§ Assignment
Once you find the line with "What single 3D", transcribe it and all the lines that follow to the end of the data, exactly as written; skip any pictures.

§ Source records
☆ ☆ ☆ ☆
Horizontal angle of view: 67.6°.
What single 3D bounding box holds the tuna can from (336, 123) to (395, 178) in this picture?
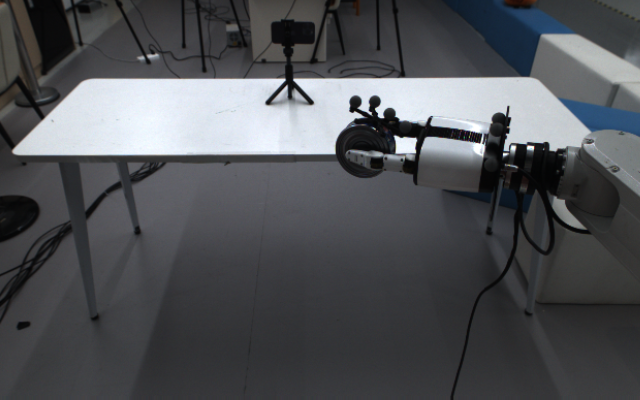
[{"bbox_3d":[0.070,-0.070,0.715,0.085,0.085,0.034,15,31,18],"label":"tuna can"}]
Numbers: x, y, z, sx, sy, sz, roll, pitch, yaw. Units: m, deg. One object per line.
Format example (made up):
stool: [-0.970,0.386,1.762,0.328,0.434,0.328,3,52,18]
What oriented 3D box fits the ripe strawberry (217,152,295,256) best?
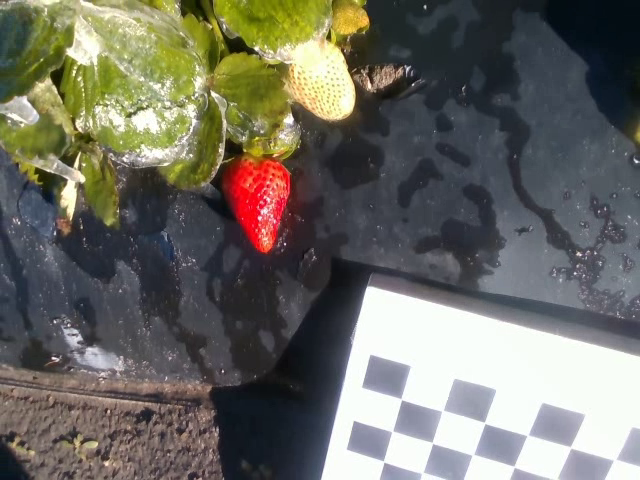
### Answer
ripe strawberry: [-0.035,-0.015,0.316,0.042,0.052,0.040,-3,14,13]
☆ ☆ ☆ ☆
§ Reply to the exercise
What single 3D bounding box holds the tuna can from (336, 123) to (395, 178) in this picture?
[{"bbox_3d":[0.070,-0.070,0.715,0.085,0.085,0.034,15,31,18],"label":"tuna can"}]
Numbers: x, y, z, sx, sy, sz, roll, pitch, yaw. Units: m, deg. One object per line.
Format example (made up):
stool: [-0.970,0.386,1.762,0.328,0.434,0.328,3,52,18]
What oriented 3D box fits the ripe strawberry (217,152,295,256) best?
### Answer
ripe strawberry: [-0.035,-0.015,0.316,0.042,0.052,0.040,-3,14,13]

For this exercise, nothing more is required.